According to the American Alpine Journal, between 5,300m and 6,705m, the party followed the 13km Yabukangala Glacier. They went north to south to the head of the glacier before traversing a corridor east across the upper north ridge of Shisha Pangma. The ridge descends from near the summit.
From there, the Chinese party proceeded on snow and ice slopes. On May 2, 10 climbers (four Tibetans and six Chinese) reached the summit. The summiters were Chun-Yen Chang, San Chen, Tien-Liang Cheng, Doji, Ching Hsu, Migmar Trashi, Sodnam Doji, Fu-Zhou Wang, Tsung-Yue Wu, and Yonten.
Their northern route went via the peak’s northeast face, becoming the “Chinese Traverse.”
In May 1980, a six-person German expedition carried out the second ascent of the peak, via the same route.
In October 1980, two Austrian climbers topped out on a variation route from the north, via the northeast face-central traverse to the east ridge line.
There are some more variation routes from the north of the peak. For example, the northeast face-upper traverse to the west ridge, the north ridge-central peak-west ridge route, the central couloir of the north face-central peak route, and the northeast face-lower traverse-east ridge route.

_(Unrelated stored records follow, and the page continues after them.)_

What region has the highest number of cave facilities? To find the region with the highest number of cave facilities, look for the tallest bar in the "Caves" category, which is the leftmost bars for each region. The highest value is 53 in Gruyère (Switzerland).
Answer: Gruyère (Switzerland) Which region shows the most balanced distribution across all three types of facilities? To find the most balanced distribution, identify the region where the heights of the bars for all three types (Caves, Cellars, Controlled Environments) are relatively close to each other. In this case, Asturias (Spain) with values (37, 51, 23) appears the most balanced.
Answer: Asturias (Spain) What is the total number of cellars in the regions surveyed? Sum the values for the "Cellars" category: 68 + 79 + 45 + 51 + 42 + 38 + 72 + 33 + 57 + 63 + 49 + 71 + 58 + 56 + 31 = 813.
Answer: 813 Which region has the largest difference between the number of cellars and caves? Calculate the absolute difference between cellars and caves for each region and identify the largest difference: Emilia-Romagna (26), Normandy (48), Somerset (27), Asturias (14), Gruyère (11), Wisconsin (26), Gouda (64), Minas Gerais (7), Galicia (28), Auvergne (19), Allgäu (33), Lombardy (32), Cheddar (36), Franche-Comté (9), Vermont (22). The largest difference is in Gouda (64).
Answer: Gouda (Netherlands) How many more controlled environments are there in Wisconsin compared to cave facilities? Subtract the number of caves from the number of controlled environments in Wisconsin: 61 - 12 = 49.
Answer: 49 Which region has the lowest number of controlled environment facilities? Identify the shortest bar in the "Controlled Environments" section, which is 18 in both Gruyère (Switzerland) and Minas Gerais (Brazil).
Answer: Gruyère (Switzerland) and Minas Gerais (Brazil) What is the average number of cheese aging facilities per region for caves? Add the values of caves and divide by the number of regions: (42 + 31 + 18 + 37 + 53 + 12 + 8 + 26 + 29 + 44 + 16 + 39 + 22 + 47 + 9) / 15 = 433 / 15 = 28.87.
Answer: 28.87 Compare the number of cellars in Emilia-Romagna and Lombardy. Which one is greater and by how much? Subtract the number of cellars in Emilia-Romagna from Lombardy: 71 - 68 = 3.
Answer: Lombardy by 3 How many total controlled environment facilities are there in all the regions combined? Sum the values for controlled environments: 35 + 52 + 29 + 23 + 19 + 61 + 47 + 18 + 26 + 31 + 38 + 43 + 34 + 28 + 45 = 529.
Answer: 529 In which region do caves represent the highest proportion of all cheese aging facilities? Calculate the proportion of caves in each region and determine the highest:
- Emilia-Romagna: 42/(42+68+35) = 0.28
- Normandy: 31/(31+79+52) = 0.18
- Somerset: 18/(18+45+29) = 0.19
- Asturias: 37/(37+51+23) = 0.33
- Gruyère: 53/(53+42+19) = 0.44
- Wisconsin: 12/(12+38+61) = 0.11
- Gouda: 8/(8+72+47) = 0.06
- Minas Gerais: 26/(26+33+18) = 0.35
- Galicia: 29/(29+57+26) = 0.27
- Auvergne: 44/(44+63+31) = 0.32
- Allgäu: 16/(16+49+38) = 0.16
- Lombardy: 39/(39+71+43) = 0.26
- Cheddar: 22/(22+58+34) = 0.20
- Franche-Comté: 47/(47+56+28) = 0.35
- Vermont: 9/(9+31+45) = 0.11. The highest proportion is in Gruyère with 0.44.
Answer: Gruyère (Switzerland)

The first ascent from the south
By the end of 1981, five parties had ascended Shisha Pangma, all of them from the north.
On May 28, 1982, British climbers Roger Baxter-Jones, Alex MacIntyre, and Doug Scott made the sixth ascent. It was the first ascent in alpine style and the first climb via the southwest face.
They climbed the face from the Nyang Phu Glacier, taking three days to summit. Their new route was the southwest face-central couloir route. They descended the southeast ridge to around 7,315m, where they bivouacked. The next day, they continued down the southwest face to a camp by the glacier where Nick Prescott was waiting in support.
There are other routes on Shisha Pangma from the south. These include the right part of the southwest face-southeast ridge route, the southwest face-right hand couloir route, the southwest face-west central buttress route, and the southwest face-girone corridor-right hand couloir route.
Now, Shisha Pangma is mostly climbed from the northwest and the northeast. When climbers ascend from the northwest, one option is to go through the central summit. However, as we saw last year, some teams want to reach the summit ridge by traversing the flank instead of crossing the central summit.
Despite famously being one of the “easiest” 8,000m peaks, it is not that easy. Avalanches, changing weather, harsh wind, and tricky snow conditions make it difficult. Last autumn, four climbers died on the mountain.
This autumn, China announced strict rules for Shisha Pangma and for Cho Oyu from the Tibetan side. No solo climbers are allowed and the use of supplemental oxygen is mandatory above 7,000m.